ORAC will not obtain the underlying surface character for a particular pixel but will assume a pixel based map is available via this file. For ATSR-2 processing, this will obtained by the pre-processor code. See the section on image segmentation below. The variables in the file are: lsflag.

9. LW-RTM file

The longwave radiative transfer file supplies the atmospheric channel transmittances and radiance terms (see the ATBD) for the channels with thermal emission sources. The source of this file for ORAC prototyping and testing will be the Eumetsat RTM model. See the !Read_Lw_RTM module description for details of the Lw RTM file format and contents. The variables in the file are: lw_channel_abs_ids, lw_channel_instr_ids, lw_channel_wvl, counter_lw, solza_lw, satza_lw, relazi_lw, emiss_lw, tac_lw, tbc_lw, rbs_up_lw, rac_up_lw, rac_down_lw.

10. Imagery file

To avoid the difficulties of ingesting multiple data formats from different imagers within the retrieval itself, this is managed within the preprocessing to produce this file summarising only the desired spectral information in a format approriate to ORAC. The variables in the file are: mis_instr_ch_numbers, msi_abs_ch_numbers, msi_abs_ch_wl, msi_ch_swflag, msi_ch_lwflag, msi_ch_procflag, time_data, msi_data.

Image segmentation: The ORAC preprocessing allows for the image data to be read in "chunks" of a specified number of image rows, in order to reduce the memory required. It is unnecessary to hold the entire image arrays in memory when the processing of each pixel is independent of the rest of the image. The image data files (i.e. the multi-spectral image file and all associated files: geometry, location, land/sea flags and cloud flags) are written in image rows. An image row consists of all the channel values at each x location for a given y location within the image (or all the geometry/location/flags at each x for a given y).

11. RTM profile file

This file contains the level pressure and temperature information that was used in the RTM models.

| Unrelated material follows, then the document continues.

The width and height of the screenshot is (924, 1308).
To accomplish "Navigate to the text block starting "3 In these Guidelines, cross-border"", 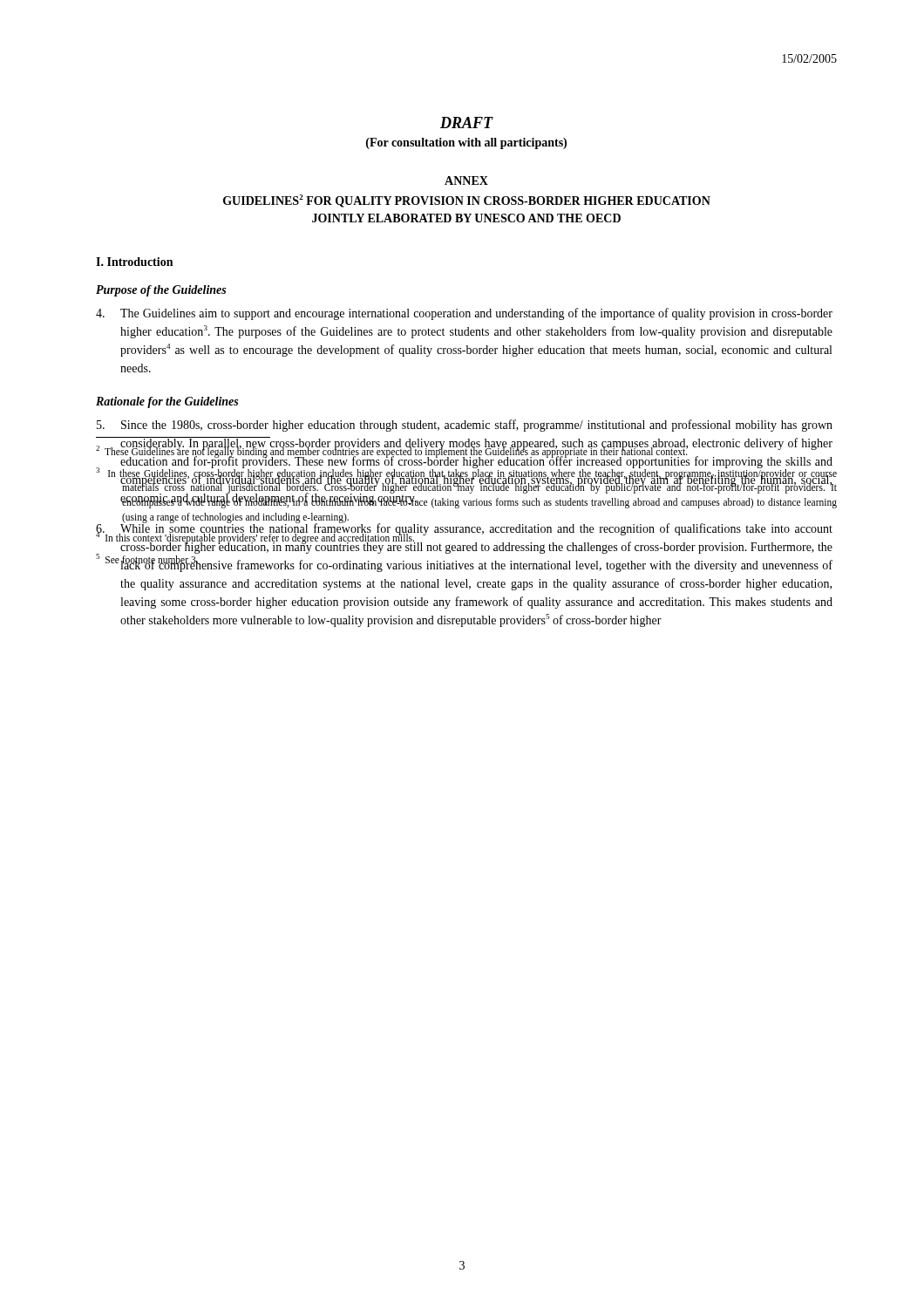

See the Read_Lw_RTM module description for details of the RTM profile file format and contents. The variables in the file are: i_pw, j_pw, counter_pw, lon_pw, lat_pw, skint_pw, explnsp_pw, lsf_pw, satzen_pw, solzen_pw, pprofile_lev, tprofile_lev, gphprofile_lev.

12. SW-RTM file

The shortwave radiative transfer file supplies the atmospheric channel transmittances and radiance terms (see the ATBD) for the channels without thermal emission sources. The source of this file for ORAC prototyping and testing will be a modified LOWTRAN7 RTM model. See the Read_Sw_RTM module description for details of the Sw RTM file format and contents. The variables in the file are: sw_channel_abs_ids, sw_channel_instr_ids, sw_channel_wvl, solza_sw, satza_sw, relazi_sw, counter_sw, tac_sw, tbc_sw.

13. Wind vector file

Provides wind vectors from derived from ECMWF data. The variables in the file are: uscan, vscan.